Concha podía ser (si se me permite la expresión, ya que aún viven sus nobles y santas hermanas) su poquito de peligrosa. Me explicaré mejor: despertaba en todo joven de una legua a la redonda (el que más, el que menos, siempre algo de varón teníamos al fin de cuentas) una inexplicable atracción que subvertía nuestro habitual aburrimiento, y nos hacía olvidar el exceso de olivos que nos rodeaba. A mí, sobre todo, me producía un efecto urticante y delicioso, casi purgante.
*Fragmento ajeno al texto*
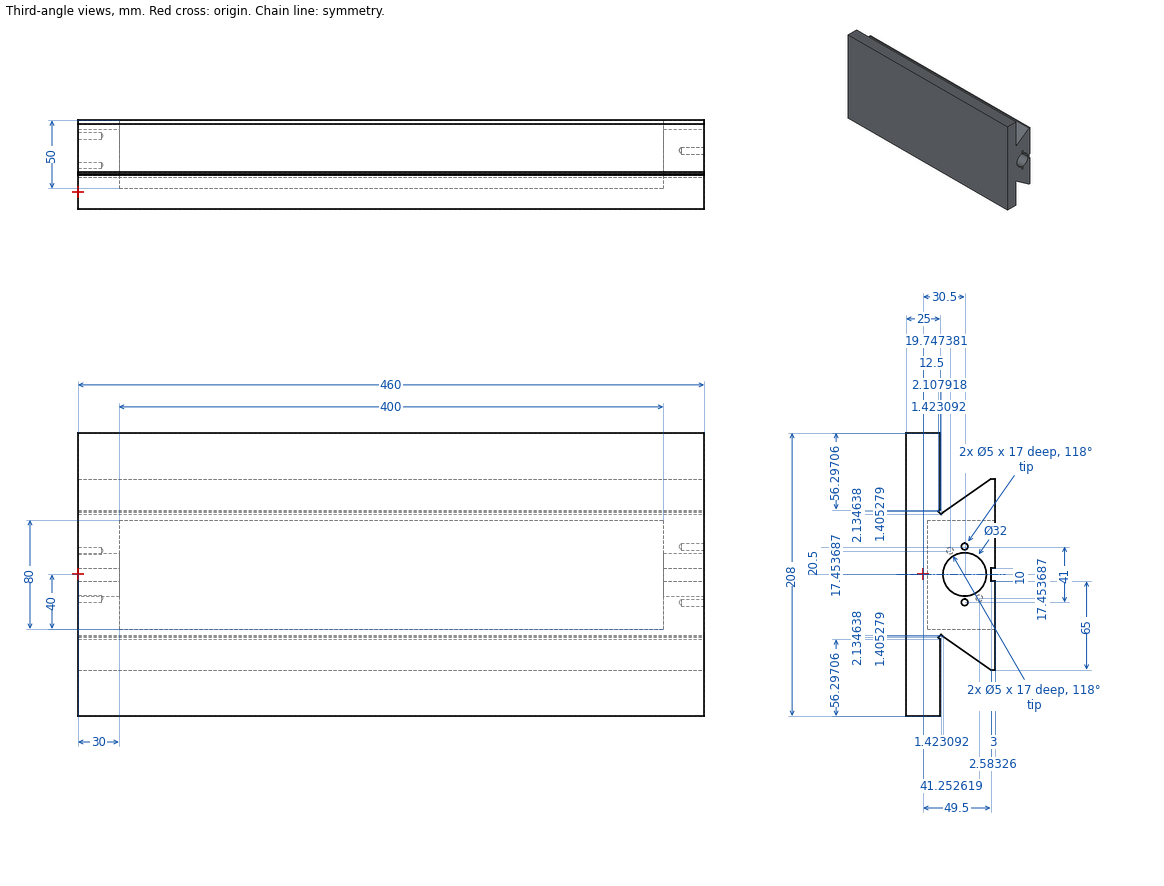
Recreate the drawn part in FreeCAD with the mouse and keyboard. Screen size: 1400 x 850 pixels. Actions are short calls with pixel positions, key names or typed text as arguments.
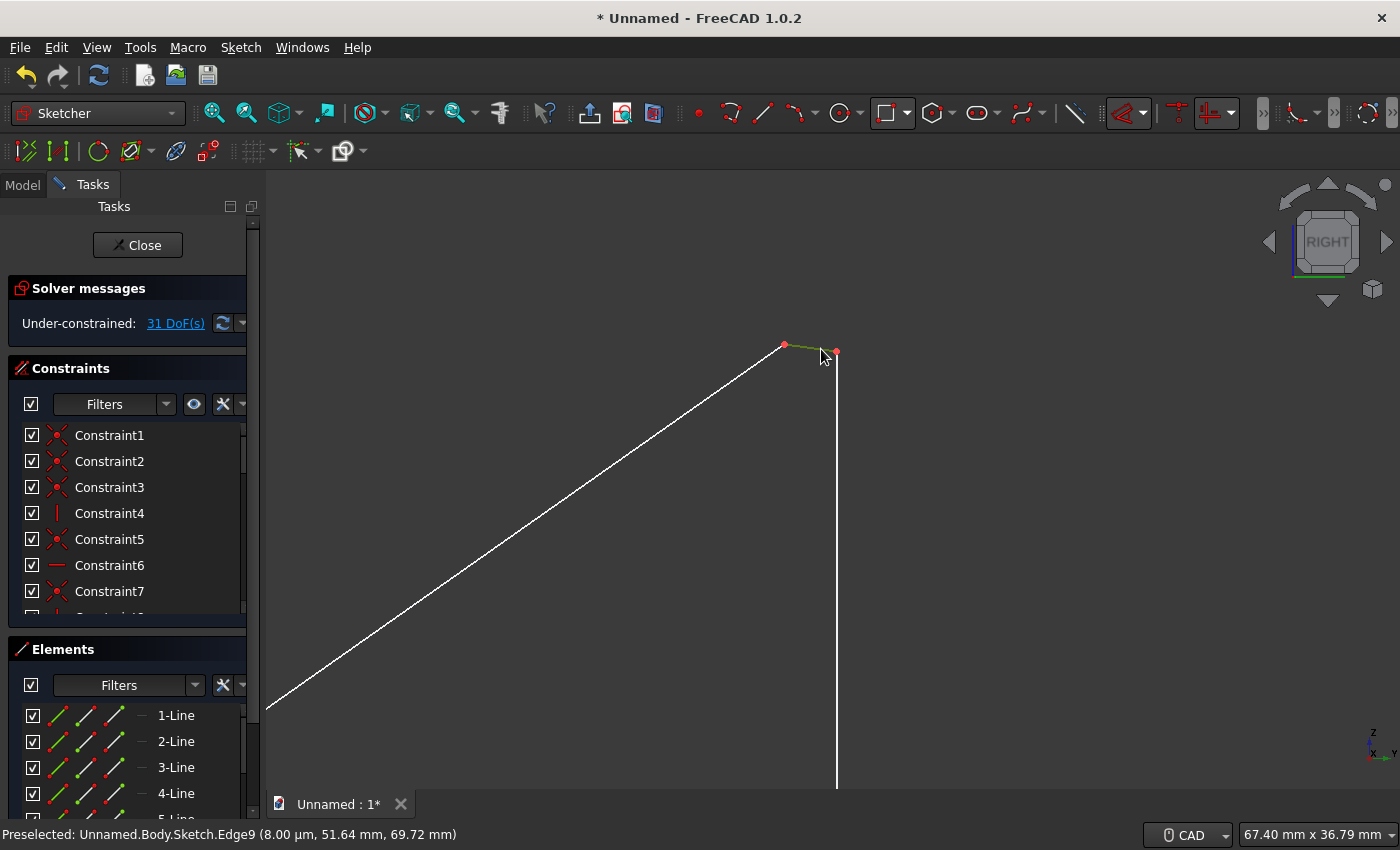
click(1234, 114)

Como una fruta madura, o mejor dicho a punto de madurar, que ofrece el encanto de su poma a la avidez del que anhela por lo menos pincharla para sacarle el jugo, la niña se exhibía, apenas podía, casi desnuda, sin preocuparse en lo más mínimo por la rigidez incómoda que nos provocaba tanta inocencia.
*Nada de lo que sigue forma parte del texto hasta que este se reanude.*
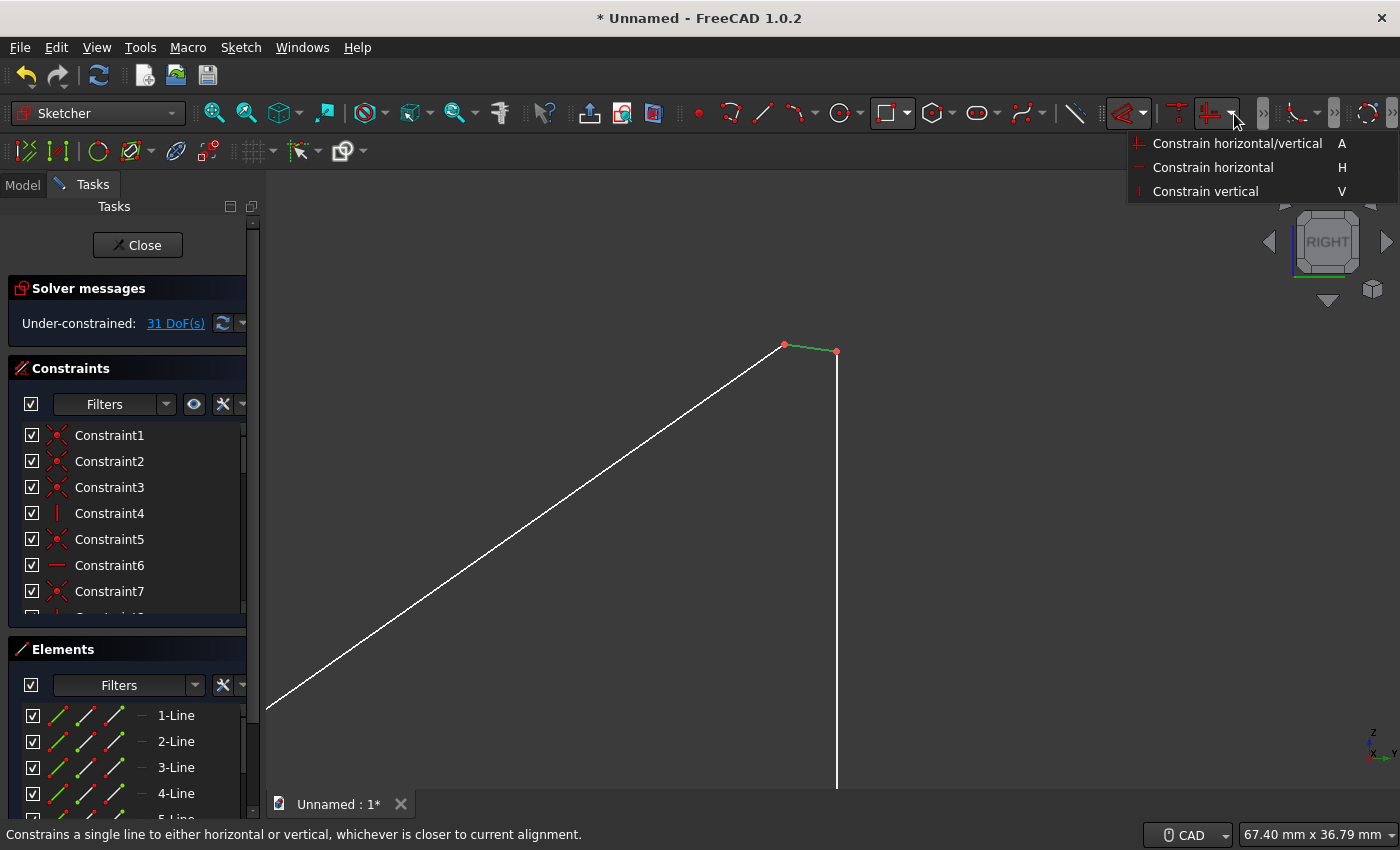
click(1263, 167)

Al fondo del soleado corredor de la moderna casona colonial, que aún conservaba sus recios pilares huecos llenos de antiquísimas alimañas y rodeados de alegres enredaderas centenarias, se encontraba el escritorio de la Cooperativa; era el lugar más abrigado de la casa, y allí trabajaba yo en verano, con toda la ropa pegada por el sudor a mi'joven cuerpo caliente de soñador empedernido, llenando de locos números los milenarios libros de la sociedad, o pergeñando con esbeltas plumas de oca que yo mismo arrancaba de las alas de los patos mis primigenias poesías, todas empapadas, como hoy con añorante sonrisa melancólica compruebo, de turbulentas expansiones juveniles.